The annoyed boy’s response was to shove past me and through the door, muttering, “Bitch.”

And that was apparently the end of our witty repartee, since I was interrupted by a hand catching my arm to pull me away from the door. When I jerked, the hand tightened almost painfully and Seller spoke in a low, terse voice. “Keep walking. Don’t say a word until I tell you to. Just be quiet and walk.”

The funny thing is, in that sort of situation, the urge to talk right after you’ve been told not to becomes almost unbearable. Or, it does for me anyway. I was practically biting my tongue off as we strolled around the back of the bowling alley to an alley between it and the liquor store. From there, we continued down the alley, past a couple more cross streets and through a parking lot. Whenever I glanced toward the man, he was always scanning in every direction. The sunglasses that he wore made it impossible to tell where his eyes were, but his head was in constant motion, taking in everything.

Finally, several blocks away from where we’d started, the man stopped. He stepped around in front of me while giving one last suspicious look around before speaking sharply. “What happened last night?”

“Uhhhh…” I trailed off, thinking through everything he might be referring to. “A lot of stuff?”

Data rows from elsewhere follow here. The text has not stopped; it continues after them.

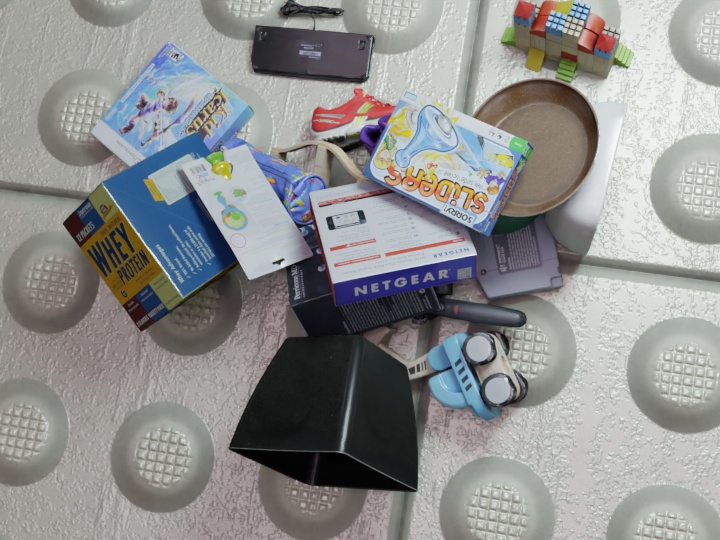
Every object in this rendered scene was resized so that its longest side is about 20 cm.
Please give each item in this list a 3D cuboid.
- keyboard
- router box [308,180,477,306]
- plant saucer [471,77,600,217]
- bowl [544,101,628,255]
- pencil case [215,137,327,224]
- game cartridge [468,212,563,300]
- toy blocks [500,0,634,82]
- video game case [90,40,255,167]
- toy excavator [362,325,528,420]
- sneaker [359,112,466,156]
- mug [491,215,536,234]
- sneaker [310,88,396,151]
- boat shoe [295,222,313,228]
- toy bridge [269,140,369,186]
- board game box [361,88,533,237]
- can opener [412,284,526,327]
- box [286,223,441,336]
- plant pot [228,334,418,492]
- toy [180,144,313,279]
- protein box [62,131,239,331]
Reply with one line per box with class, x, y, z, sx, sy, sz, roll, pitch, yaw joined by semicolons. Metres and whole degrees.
keyboard;-0.075;-0.370;1.800;0.199;0.021;0.128;8;87;10
router box;0.041;-0.050;1.546;0.199;0.049;0.180;-11;48;-5
plant saucer;0.232;-0.162;1.523;0.200;0.037;0.201;-9;69;25
bowl;0.314;-0.133;1.593;0.074;0.200;0.201;15;81;10
pencil case;-0.143;-0.140;1.703;0.200;0.087;0.078;28;80;34
game cartridge;0.220;-0.061;1.682;0.133;0.042;0.201;-11;78;12
toy blocks;0.308;-0.356;1.670;0.199;0.137;0.100;21;83;13
video game case;-0.302;-0.237;1.800;0.181;0.045;0.200;39;88;13
toy excavator;0.116;0.142;1.637;0.199;0.100;0.195;-27;80;17
sneaker;0.070;-0.194;1.623;0.200;0.083;0.081;-9;45;48
mug;0.196;-0.154;1.627;0.151;0.114;0.186;-10;78;8
sneaker;0.016;-0.245;1.733;0.199;0.077;0.085;-11;73;7
boat shoe;-0.041;-0.086;1.713;0.199;0.071;0.065;-20;77;6
toy bridge;-0.057;-0.160;1.707;0.199;0.027;0.068;21;107;34
board game box;0.116;-0.148;1.524;0.199;0.034;0.136;27;92;25
can opener;0.144;0.054;1.643;0.199;0.063;0.079;14;101;25
box;0.000;0.000;1.639;0.199;0.107;0.149;-18;47;9
plant pot;-0.036;0.197;1.581;0.199;0.199;0.178;-5;63;34
toy;-0.168;-0.079;1.617;0.115;0.047;0.200;-22;76;-35
protein box;-0.280;-0.059;1.642;0.135;0.200;0.199;-33;94;45
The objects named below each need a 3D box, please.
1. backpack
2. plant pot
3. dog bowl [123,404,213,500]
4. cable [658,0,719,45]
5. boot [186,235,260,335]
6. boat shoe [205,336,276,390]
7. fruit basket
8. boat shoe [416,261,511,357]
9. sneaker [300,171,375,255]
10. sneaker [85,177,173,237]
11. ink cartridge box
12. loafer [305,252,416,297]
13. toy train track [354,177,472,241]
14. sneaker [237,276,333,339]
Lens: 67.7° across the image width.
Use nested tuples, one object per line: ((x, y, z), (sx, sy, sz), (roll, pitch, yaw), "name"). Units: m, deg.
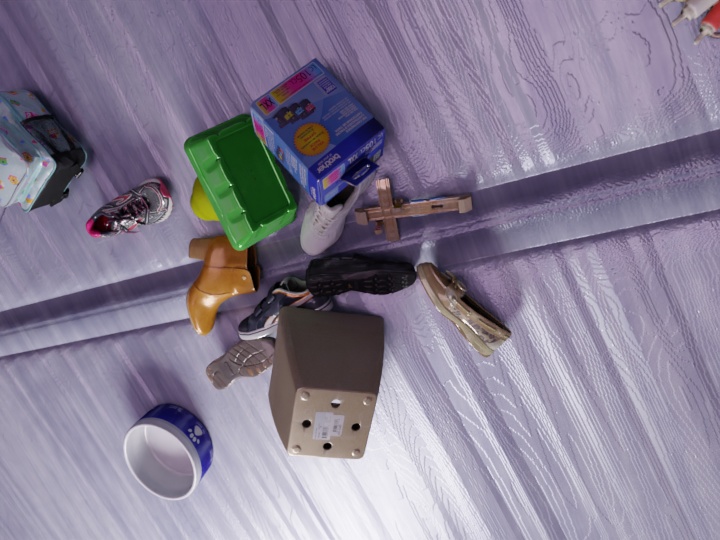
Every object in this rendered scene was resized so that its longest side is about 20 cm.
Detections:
((-0.655, -0.235, 1.023), (0.174, 0.153, 0.203), (-37, 89, 32), "backpack")
((-0.055, 0.207, 0.930), (0.192, 0.178, 0.206), (7, 115, -12), "plant pot")
((-0.439, 0.415, 1.231), (0.192, 0.079, 0.208), (7, 112, 16), "dog bowl")
((0.466, -0.366, 0.642), (0.097, 0.050, 0.200), (43, 118, -2), "cable")
((-0.259, 0.037, 1.030), (0.139, 0.071, 0.209), (7, 107, 19), "boot")
((-0.228, 0.171, 1.072), (0.196, 0.073, 0.076), (-24, 98, 30), "boat shoe")
((-0.216, -0.147, 0.932), (0.216, 0.153, 0.219), (47, 155, 30), "fruit basket")
((0.170, 0.054, 0.896), (0.062, 0.074, 0.200), (-39, 105, 20), "boat shoe")
((-0.054, -0.103, 0.891), (0.077, 0.100, 0.203), (33, 117, 2), "sneaker")
((-0.443, -0.110, 1.037), (0.195, 0.075, 0.083), (-23, 102, 24), "sneaker")
((-0.054, -0.198, 0.806), (0.135, 0.077, 0.201), (-39, 75, -15), "ink cartridge box")
((0.000, 0.000, 0.931), (0.192, 0.072, 0.069), (-3, 142, 4), "loafer")
((0.084, -0.094, 0.873), (0.192, 0.033, 0.118), (-6, 124, 14), "toy train track")
((-0.151, 0.062, 1.001), (0.194, 0.079, 0.082), (-20, 109, 12), "sneaker")
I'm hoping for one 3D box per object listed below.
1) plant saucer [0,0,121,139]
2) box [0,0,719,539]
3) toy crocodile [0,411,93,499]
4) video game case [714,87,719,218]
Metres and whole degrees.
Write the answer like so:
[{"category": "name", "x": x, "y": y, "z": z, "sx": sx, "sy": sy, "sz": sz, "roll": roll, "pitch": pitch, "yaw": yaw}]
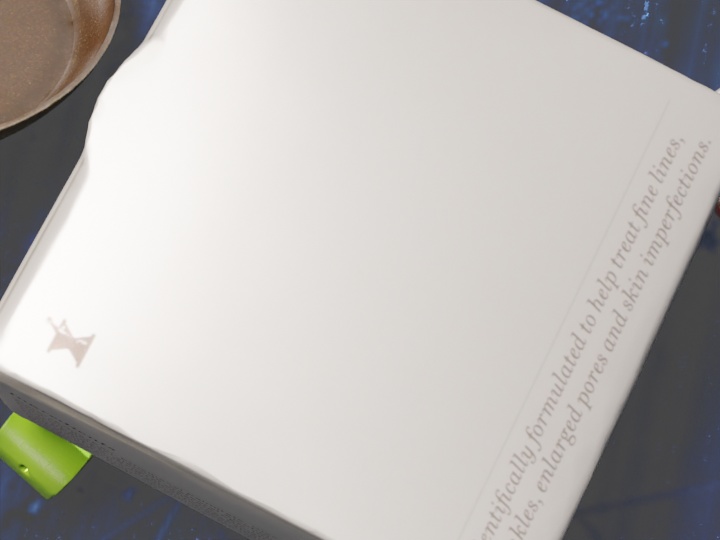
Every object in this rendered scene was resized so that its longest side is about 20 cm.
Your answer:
[{"category": "plant saucer", "x": -0.202, "y": -0.110, "z": 0.847, "sx": 0.198, "sy": 0.032, "sz": 0.201, "roll": 5, "pitch": 45, "yaw": -5}, {"category": "box", "x": 0.000, "y": 0.000, "z": 0.705, "sx": 0.199, "sy": 0.131, "sz": 0.200, "roll": 27, "pitch": 78, "yaw": 2}, {"category": "toy crocodile", "x": -0.079, "y": 0.001, "z": 0.799, "sx": 0.067, "sy": 0.062, "sz": 0.201, "roll": 27, "pitch": 76, "yaw": 0}, {"category": "video game case", "x": 0.226, "y": -0.018, "z": 0.741, "sx": 0.143, "sy": 0.017, "sz": 0.201, "roll": -35, "pitch": 64, "yaw": 1}]
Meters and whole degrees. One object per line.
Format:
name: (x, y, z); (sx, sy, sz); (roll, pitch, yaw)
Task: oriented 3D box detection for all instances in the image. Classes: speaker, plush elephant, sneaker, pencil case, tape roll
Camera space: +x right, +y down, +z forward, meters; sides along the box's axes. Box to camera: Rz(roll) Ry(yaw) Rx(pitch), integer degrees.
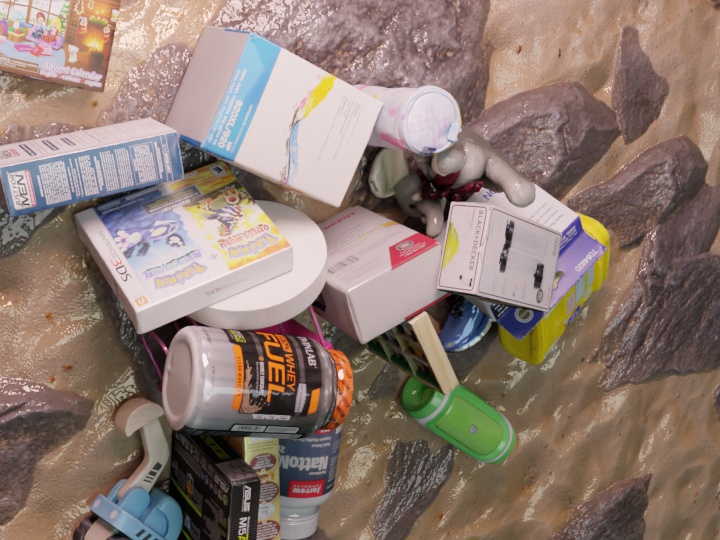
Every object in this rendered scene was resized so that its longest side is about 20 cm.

“No kidding.” His voice was flat. “Tell me about it. All of it.”

“First, answer a question,” I countered. “Did you notice anything suspicious yesterday when we met? Anything stand out to you? Anything that might’ve set off a screaming stranger alert in your head?”

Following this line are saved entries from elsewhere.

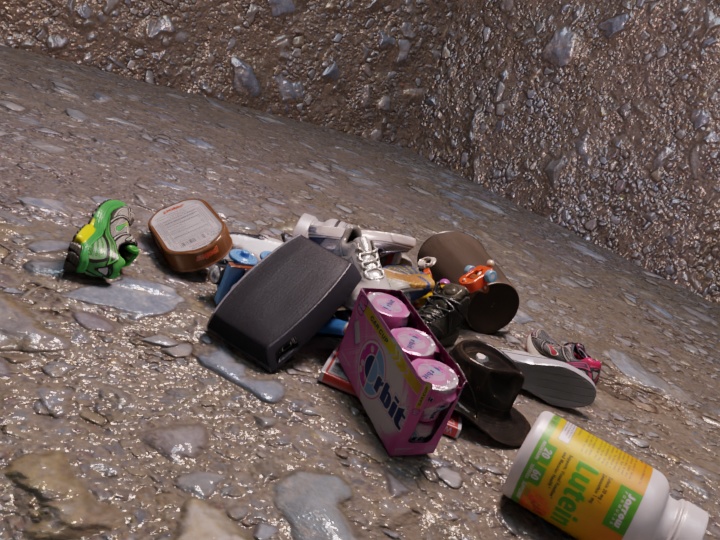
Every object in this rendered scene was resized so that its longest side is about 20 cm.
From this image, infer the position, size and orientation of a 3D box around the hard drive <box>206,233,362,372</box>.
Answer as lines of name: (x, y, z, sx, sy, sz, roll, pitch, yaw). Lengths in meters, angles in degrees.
hard drive: (-0.104, 0.034, 0.964, 0.134, 0.042, 0.200, 29, 55, 23)

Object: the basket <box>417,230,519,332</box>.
basket: (0.227, 0.027, 1.415, 0.180, 0.136, 0.200, 25, 17, -28)

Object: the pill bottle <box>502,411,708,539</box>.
pill bottle: (0.272, 0.254, 0.784, 0.199, 0.112, 0.111, 27, 18, 22)

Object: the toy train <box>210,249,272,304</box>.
toy train: (-0.130, 0.027, 1.074, 0.199, 0.087, 0.114, 7, 27, -39)

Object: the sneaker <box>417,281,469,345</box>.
sneaker: (0.117, 0.074, 1.165, 0.076, 0.115, 0.199, 29, 20, 32)

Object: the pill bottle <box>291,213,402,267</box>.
pill bottle: (-0.029, -0.028, 1.303, 0.199, 0.116, 0.116, 21, 17, 4)

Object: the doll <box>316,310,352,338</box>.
doll: (-0.016, 0.082, 1.019, 0.199, 0.049, 0.136, 9, 3, -14)

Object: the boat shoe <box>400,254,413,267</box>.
boat shoe: (0.048, -0.013, 1.439, 0.070, 0.071, 0.200, 26, 11, 28)

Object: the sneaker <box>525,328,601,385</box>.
sneaker: (0.373, 0.157, 1.271, 0.080, 0.075, 0.200, 14, 17, -22)

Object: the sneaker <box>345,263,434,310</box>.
sneaker: (0.045, 0.045, 1.200, 0.199, 0.089, 0.075, -7, 32, -43)

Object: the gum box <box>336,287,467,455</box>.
gum box: (0.047, 0.125, 0.872, 0.066, 0.114, 0.200, 4, 30, -28)

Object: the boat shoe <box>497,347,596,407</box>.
boat shoe: (0.288, 0.164, 1.148, 0.199, 0.074, 0.067, 20, 19, -1)

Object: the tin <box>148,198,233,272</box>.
tin: (-0.282, -0.063, 1.153, 0.111, 0.042, 0.200, -23, 35, -20)

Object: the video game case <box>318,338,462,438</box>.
video game case: (0.049, 0.159, 0.981, 0.199, 0.018, 0.143, 22, 17, 5)

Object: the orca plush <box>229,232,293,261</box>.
orca plush: (-0.173, -0.011, 1.222, 0.199, 0.071, 0.106, 7, 64, -10)

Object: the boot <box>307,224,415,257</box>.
boot: (0.000, -0.025, 1.210, 0.199, 0.091, 0.073, 5, 4, -21)

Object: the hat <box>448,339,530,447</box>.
hat: (0.175, 0.151, 0.992, 0.200, 0.081, 0.201, 31, 16, -10)

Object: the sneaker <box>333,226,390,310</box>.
sneaker: (0.000, 0.000, 1.051, 0.074, 0.088, 0.200, 2, 27, -27)

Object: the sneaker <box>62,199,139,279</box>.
sneaker: (-0.369, -0.040, 1.037, 0.085, 0.078, 0.200, 23, 25, -14)

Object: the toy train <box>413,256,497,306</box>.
toy train: (0.161, 0.031, 1.321, 0.150, 0.056, 0.200, -34, 25, -27)
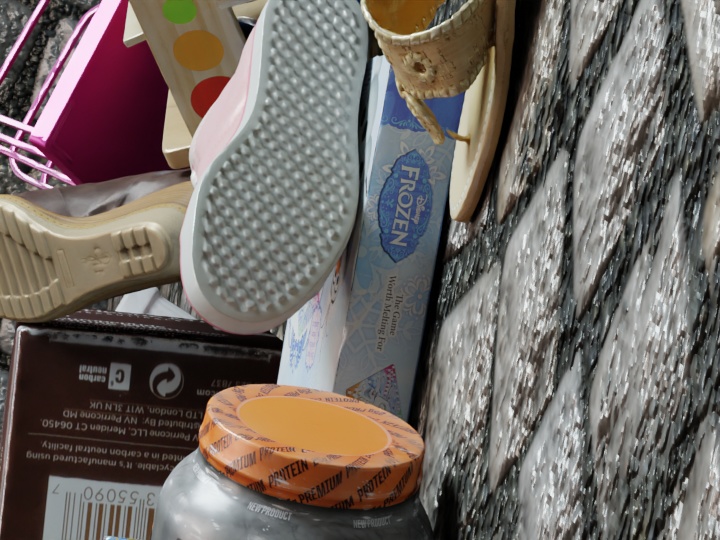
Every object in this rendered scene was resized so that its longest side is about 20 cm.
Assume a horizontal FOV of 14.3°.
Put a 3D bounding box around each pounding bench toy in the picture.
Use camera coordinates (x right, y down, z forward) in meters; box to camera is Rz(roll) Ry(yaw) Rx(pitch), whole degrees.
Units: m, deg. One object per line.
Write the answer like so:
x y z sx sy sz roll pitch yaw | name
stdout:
-0.028 -0.160 1.557 0.125 0.199 0.157 -87 -21 -49 | pounding bench toy

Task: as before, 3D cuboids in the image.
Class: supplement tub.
-0.038 0.159 1.238 0.123 0.122 0.201 -109 31 -72 | supplement tub

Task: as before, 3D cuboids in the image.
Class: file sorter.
-0.163 -0.114 1.727 0.140 0.125 0.200 -63 -28 -11 | file sorter

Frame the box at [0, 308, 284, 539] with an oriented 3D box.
-0.131 0.113 1.696 0.200 0.165 0.165 -156 71 -82 | box

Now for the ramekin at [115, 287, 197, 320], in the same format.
-0.154 0.117 1.992 0.202 0.094 0.203 -156 90 -90 | ramekin

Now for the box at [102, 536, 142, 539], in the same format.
-0.104 0.275 1.542 0.200 0.121 0.194 114 163 -60 | box

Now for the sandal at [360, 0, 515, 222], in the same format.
0.036 -0.117 1.224 0.078 0.069 0.213 -91 13 -50 | sandal

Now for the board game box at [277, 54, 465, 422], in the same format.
0.000 0.000 1.417 0.200 0.043 0.200 -178 98 -81 | board game box

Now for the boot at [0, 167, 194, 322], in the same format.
-0.122 -0.025 1.628 0.166 0.199 0.073 -23 -74 -51 | boot

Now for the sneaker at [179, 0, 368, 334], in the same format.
-0.046 -0.034 1.365 0.105 0.075 0.201 121 165 -52 | sneaker
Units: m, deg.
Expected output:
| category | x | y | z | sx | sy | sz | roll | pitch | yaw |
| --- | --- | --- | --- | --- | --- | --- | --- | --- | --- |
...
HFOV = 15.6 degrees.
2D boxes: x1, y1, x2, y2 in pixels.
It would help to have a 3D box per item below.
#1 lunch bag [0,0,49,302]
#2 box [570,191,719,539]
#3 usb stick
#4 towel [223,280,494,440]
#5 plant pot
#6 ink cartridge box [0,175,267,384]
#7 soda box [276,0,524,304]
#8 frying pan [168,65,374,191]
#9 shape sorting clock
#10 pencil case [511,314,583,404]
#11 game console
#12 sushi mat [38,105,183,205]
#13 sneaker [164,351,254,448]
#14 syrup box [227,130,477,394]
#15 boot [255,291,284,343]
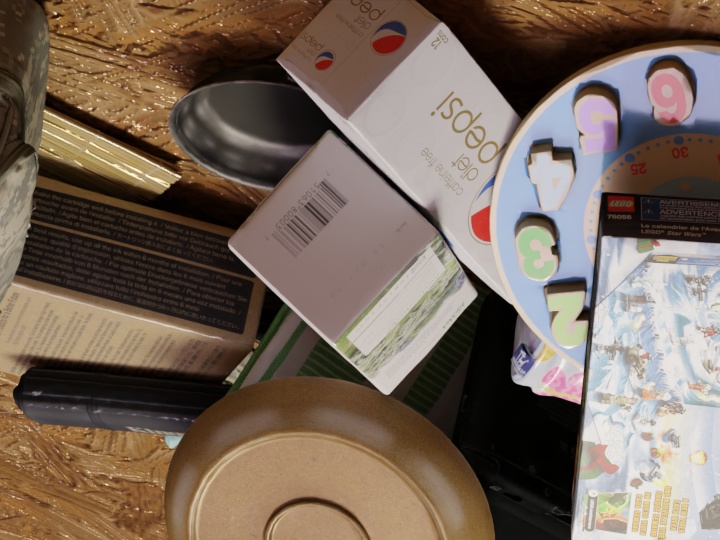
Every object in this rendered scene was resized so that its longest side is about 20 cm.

“First, we don’t get the screaming alert,” the man replied simply. “That’s a Crossroads thing. Garden Heretics mostly get a feeling that’s kind of like uhh, hunger is the best thing I could compare it to. Hunger and adrenaline, like the sudden knowledge that a good hunt is about to happen.”

That derailed me into a totally different avenue of curiosity. “Wait, it’s a different feeling for you guys? You don’t feel the ‘danger, danger, danger’ thing? Well, which came first, your policy and attitude about Strangers, or the way your Strangedar works? Which one influenced the other?”

“Why don’t we focus on you answering the question first,” Seller replied tersely. “What happened?”

So I told him about Ammon. I told him all of it, actually. Yeah, part of me wanted to hold back things like what the son of a bitch that kidnapped my mother had said about all that. I didn’t want it getting back to Crossroads somehow so that they would try even harder to bury everything I needed to know.

But honestly, if he was going to do that, Seller could already tell them more than enough. At this point, I had to trust that he wasn’t going to blab. So I told him everything. In for a penny, in for a pound.

By the time I was done, when I finished telling the man everything that had happened since we’d separated the day before, his face was noticeably paler, which didn’t do a lot to encourage optimism.

“You know who it was, don’t you?” I stared at my ancestor with realization. “You’d have to. That—his shtick is too specific, and he’s too powerful not to be one of the big names. You know the guy.”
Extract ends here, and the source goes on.